Unter vielen bemerkenswerten Passagen sagte Fu auf die Frage, warum China die Invasion Russlands nicht verurteilt habe, dass Peking seinen „eigenen diplomatischen Stil“ habe. Ich denke, dass eine einfache Verurteilung zum jetzigen Zeitpunkt das Problem tatsächlich nicht löst. Es könnte Ihren Raum für Diplomatie einschränken.“

Auf die Frage , ob Russland den Krieg begonnen habe, sagte er: „Das müssen die Historiker entscheiden.“

Iron Brothers: Anfang dieses Monats geriet Pakistan nach der Verhaftung des ehemaligen Premierministers Imran Khan erneut in politische Unruhen, was zu Protesten und Gewalt im ganzen Land führte. Aber was bedeutet das für China?

Hören Sie sich meinen Podcast „Talking China In Eurasia “ an, in dem Gast Daud Khattak, Chefredakteur von Radio Mashaal von RFE/RL, erklärt, wie die jüngste Instabilität die Beziehungen zwischen Islamabad und Peking belasten könnte.

Eine Sache, die man im Auge behalten sollte
Tesla- und Twitter-Milliardär Elon Musk besuchte China zum ersten Mal seit drei Jahren und traf sich mit dem chinesischen Außenminister Qin Gang.

China ist nach den USA Teslas zweitgrößter Markt und sein Werk in Shanghai ist das größte Produktionszentrum des Elektroautoherstellers.

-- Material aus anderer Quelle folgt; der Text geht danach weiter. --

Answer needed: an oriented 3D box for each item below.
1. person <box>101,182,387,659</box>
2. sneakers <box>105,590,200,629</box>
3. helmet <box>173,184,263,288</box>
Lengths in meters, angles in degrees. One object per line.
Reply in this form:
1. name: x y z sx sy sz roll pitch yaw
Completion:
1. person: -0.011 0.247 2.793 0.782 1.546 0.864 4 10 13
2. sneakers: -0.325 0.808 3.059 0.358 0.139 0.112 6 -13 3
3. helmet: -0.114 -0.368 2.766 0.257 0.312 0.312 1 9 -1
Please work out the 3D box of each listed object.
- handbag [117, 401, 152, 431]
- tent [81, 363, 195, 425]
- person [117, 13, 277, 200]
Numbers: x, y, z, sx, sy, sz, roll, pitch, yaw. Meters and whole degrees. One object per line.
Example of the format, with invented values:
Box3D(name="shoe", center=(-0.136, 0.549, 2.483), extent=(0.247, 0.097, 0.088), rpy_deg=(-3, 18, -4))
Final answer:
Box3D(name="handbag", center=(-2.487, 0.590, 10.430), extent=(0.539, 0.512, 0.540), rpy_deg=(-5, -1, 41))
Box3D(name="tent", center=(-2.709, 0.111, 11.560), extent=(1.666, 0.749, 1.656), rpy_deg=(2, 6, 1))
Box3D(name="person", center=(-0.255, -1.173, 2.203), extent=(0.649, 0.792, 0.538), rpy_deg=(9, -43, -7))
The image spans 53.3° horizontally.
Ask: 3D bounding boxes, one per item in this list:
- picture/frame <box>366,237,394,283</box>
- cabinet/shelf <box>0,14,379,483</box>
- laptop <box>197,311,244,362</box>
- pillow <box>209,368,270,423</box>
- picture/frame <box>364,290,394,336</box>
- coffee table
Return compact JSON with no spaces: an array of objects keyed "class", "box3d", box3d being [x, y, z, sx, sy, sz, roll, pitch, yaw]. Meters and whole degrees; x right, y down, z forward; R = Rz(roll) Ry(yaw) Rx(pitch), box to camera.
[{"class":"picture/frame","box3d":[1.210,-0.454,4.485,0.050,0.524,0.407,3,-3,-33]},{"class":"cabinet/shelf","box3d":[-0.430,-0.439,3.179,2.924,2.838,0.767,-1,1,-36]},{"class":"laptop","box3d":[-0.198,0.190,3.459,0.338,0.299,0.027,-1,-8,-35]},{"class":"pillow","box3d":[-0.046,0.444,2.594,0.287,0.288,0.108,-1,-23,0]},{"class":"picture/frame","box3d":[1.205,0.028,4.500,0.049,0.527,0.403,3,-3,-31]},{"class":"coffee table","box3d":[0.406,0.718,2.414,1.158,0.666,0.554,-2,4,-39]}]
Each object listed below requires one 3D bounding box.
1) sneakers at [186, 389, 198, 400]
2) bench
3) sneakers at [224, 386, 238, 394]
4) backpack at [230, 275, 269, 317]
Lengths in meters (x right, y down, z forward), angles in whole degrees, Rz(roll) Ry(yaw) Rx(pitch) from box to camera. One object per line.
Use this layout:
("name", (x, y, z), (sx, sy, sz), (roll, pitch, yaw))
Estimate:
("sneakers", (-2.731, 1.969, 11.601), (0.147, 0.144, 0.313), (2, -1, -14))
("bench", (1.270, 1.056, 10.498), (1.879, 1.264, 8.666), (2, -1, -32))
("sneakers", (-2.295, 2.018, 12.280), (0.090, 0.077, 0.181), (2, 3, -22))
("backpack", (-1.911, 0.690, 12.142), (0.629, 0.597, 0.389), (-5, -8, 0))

Die Reise findet statt, da Tesla mit mehreren Problemen zu kämpfen hat, darunter dem zunehmenden Wettbewerb mit chinesischen Autoherstellern, die ihre lokal hergestellten Elektrofahrzeuge exportieren, da die Nachfrage auf dem größten Automarkt der Welt nachlässt.

Das ist vorerst alles von mir. Vergessen Sie nicht, mir Ihre Fragen, Kommentare oder Tipps zu senden.